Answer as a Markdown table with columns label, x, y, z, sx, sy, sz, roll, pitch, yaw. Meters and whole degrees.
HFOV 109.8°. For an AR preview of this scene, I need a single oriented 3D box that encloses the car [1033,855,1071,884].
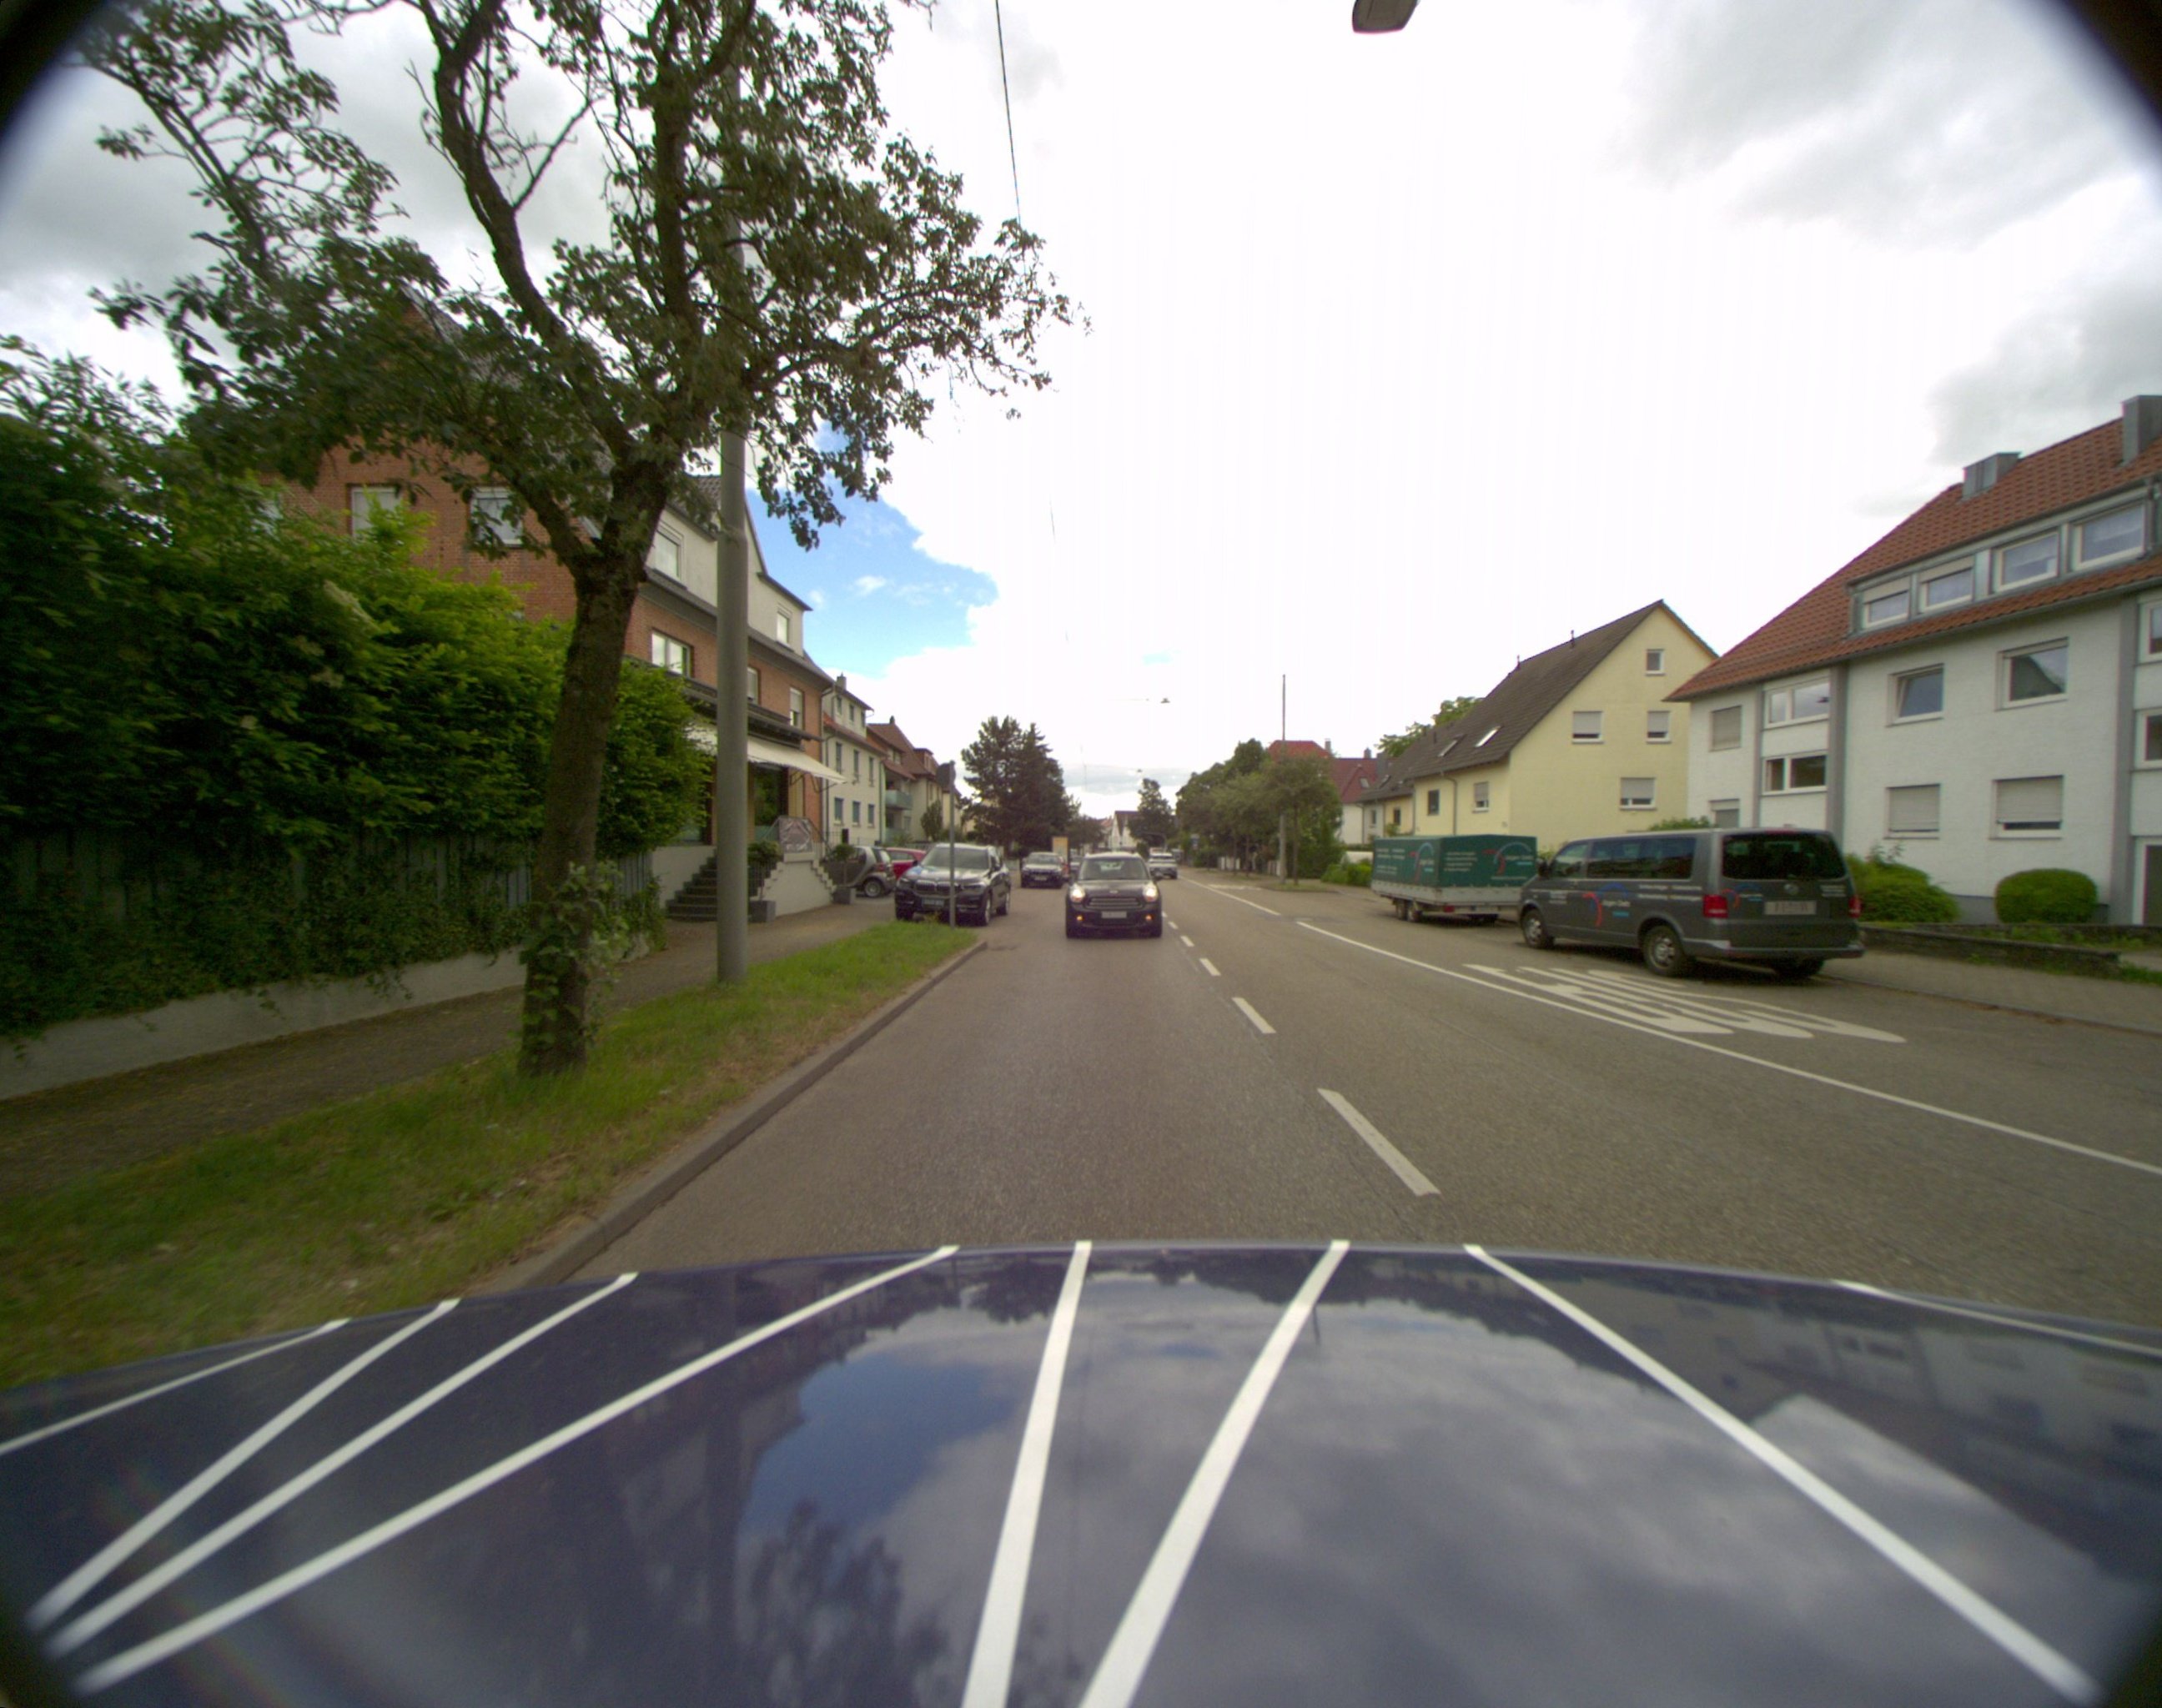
| label | x | y | z | sx | sy | sz | roll | pitch | yaw |
| --- | --- | --- | --- | --- | --- | --- | --- | --- | --- |
| car | -1.470 | 0.765 | 39.510 | 1.680 | 1.414 | 3.685 | 0 | 0 | 3 |

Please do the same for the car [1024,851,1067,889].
| label | x | y | z | sx | sy | sz | roll | pitch | yaw |
| --- | --- | --- | --- | --- | --- | --- | --- | --- | --- |
| car | -1.577 | 0.694 | 34.944 | 1.728 | 1.582 | 4.157 | 2 | 0 | 0 |

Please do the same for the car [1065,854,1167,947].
| label | x | y | z | sx | sy | sz | roll | pitch | yaw |
| --- | --- | --- | --- | --- | --- | --- | --- | --- | --- |
| car | 0.693 | 0.811 | 15.004 | 1.743 | 1.573 | 3.685 | 0 | 0 | 3 |

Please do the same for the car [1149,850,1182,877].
| label | x | y | z | sx | sy | sz | roll | pitch | yaw |
| --- | --- | --- | --- | --- | --- | --- | --- | --- | --- |
| car | 5.304 | 0.579 | 48.052 | 1.825 | 1.594 | 4.299 | 0 | 0 | 3 |

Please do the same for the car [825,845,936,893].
| label | x | y | z | sx | sy | sz | roll | pitch | yaw |
| --- | --- | --- | --- | --- | --- | --- | --- | --- | --- |
| car | -6.817 | 0.499 | 26.128 | 3.362 | 1.450 | 1.748 | 3 | 0 | -5 |

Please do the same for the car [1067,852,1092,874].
| label | x | y | z | sx | sy | sz | roll | pitch | yaw |
| --- | --- | --- | --- | --- | --- | --- | --- | --- | --- |
| car | -0.113 | 0.681 | 57.670 | 1.680 | 1.573 | 3.685 | 0 | 0 | 3 |

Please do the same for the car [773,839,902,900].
| label | x | y | z | sx | sy | sz | roll | pitch | yaw |
| --- | --- | --- | --- | --- | --- | --- | --- | --- | --- |
| car | -7.335 | 0.453 | 23.142 | 3.361 | 1.624 | 1.580 | 3 | 0 | -2 |

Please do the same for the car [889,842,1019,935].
| label | x | y | z | sx | sy | sz | roll | pitch | yaw |
| --- | --- | --- | --- | --- | --- | --- | --- | --- | --- |
| car | -2.757 | 0.680 | 17.703 | 1.902 | 1.826 | 4.916 | 1 | 0 | 4 |

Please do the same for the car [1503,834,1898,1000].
| label | x | y | z | sx | sy | sz | roll | pitch | yaw |
| --- | --- | --- | --- | --- | --- | --- | --- | --- | --- |
| car | 8.641 | 0.733 | 11.391 | 1.998 | 1.938 | 4.898 | 0 | 0 | 2 |

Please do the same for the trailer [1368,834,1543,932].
| label | x | y | z | sx | sy | sz | roll | pitch | yaw |
| --- | --- | --- | --- | --- | --- | --- | --- | --- | --- |
| trailer | 8.850 | 0.620 | 18.486 | 2.160 | 2.076 | 4.426 | 0 | 0 | 1 |

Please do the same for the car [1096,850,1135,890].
| label | x | y | z | sx | sy | sz | roll | pitch | yaw |
| --- | --- | --- | --- | --- | --- | --- | --- | --- | --- |
| car | 1.501 | 0.645 | 32.717 | 1.590 | 1.598 | 3.685 | 0 | 0 | 3 |

● **PROBLEM DETAILS**:
The expected answer is the whole listing above, copied exactly, with images excluded.

● **WRITTEN RESPONSE**:
Answer as a Markdown table with columns label, x, y, z, sx, sy, sz, roll, pitch, yaw. Meters and whole degrees.
HFOV 109.8°. For an AR preview of this scene, I need a single oriented 3D box that encloses the car [1033,855,1071,884].
| label | x | y | z | sx | sy | sz | roll | pitch | yaw |
| --- | --- | --- | --- | --- | --- | --- | --- | --- | --- |
| car | -1.470 | 0.765 | 39.510 | 1.680 | 1.414 | 3.685 | 0 | 0 | 3 |

Please do the same for the car [1024,851,1067,889].
| label | x | y | z | sx | sy | sz | roll | pitch | yaw |
| --- | --- | --- | --- | --- | --- | --- | --- | --- | --- |
| car | -1.577 | 0.694 | 34.944 | 1.728 | 1.582 | 4.157 | 2 | 0 | 0 |

Please do the same for the car [1065,854,1167,947].
| label | x | y | z | sx | sy | sz | roll | pitch | yaw |
| --- | --- | --- | --- | --- | --- | --- | --- | --- | --- |
| car | 0.693 | 0.811 | 15.004 | 1.743 | 1.573 | 3.685 | 0 | 0 | 3 |

Please do the same for the car [1149,850,1182,877].
| label | x | y | z | sx | sy | sz | roll | pitch | yaw |
| --- | --- | --- | --- | --- | --- | --- | --- | --- | --- |
| car | 5.304 | 0.579 | 48.052 | 1.825 | 1.594 | 4.299 | 0 | 0 | 3 |

Please do the same for the car [825,845,936,893].
| label | x | y | z | sx | sy | sz | roll | pitch | yaw |
| --- | --- | --- | --- | --- | --- | --- | --- | --- | --- |
| car | -6.817 | 0.499 | 26.128 | 3.362 | 1.450 | 1.748 | 3 | 0 | -5 |

Please do the same for the car [1067,852,1092,874].
| label | x | y | z | sx | sy | sz | roll | pitch | yaw |
| --- | --- | --- | --- | --- | --- | --- | --- | --- | --- |
| car | -0.113 | 0.681 | 57.670 | 1.680 | 1.573 | 3.685 | 0 | 0 | 3 |

Please do the same for the car [773,839,902,900].
| label | x | y | z | sx | sy | sz | roll | pitch | yaw |
| --- | --- | --- | --- | --- | --- | --- | --- | --- | --- |
| car | -7.335 | 0.453 | 23.142 | 3.361 | 1.624 | 1.580 | 3 | 0 | -2 |

Please do the same for the car [889,842,1019,935].
| label | x | y | z | sx | sy | sz | roll | pitch | yaw |
| --- | --- | --- | --- | --- | --- | --- | --- | --- | --- |
| car | -2.757 | 0.680 | 17.703 | 1.902 | 1.826 | 4.916 | 1 | 0 | 4 |

Please do the same for the car [1503,834,1898,1000].
| label | x | y | z | sx | sy | sz | roll | pitch | yaw |
| --- | --- | --- | --- | --- | --- | --- | --- | --- | --- |
| car | 8.641 | 0.733 | 11.391 | 1.998 | 1.938 | 4.898 | 0 | 0 | 2 |

Please do the same for the trailer [1368,834,1543,932].
| label | x | y | z | sx | sy | sz | roll | pitch | yaw |
| --- | --- | --- | --- | --- | --- | --- | --- | --- | --- |
| trailer | 8.850 | 0.620 | 18.486 | 2.160 | 2.076 | 4.426 | 0 | 0 | 1 |

Please do the same for the car [1096,850,1135,890].
| label | x | y | z | sx | sy | sz | roll | pitch | yaw |
| --- | --- | --- | --- | --- | --- | --- | --- | --- | --- |
| car | 1.501 | 0.645 | 32.717 | 1.590 | 1.598 | 3.685 | 0 | 0 | 3 |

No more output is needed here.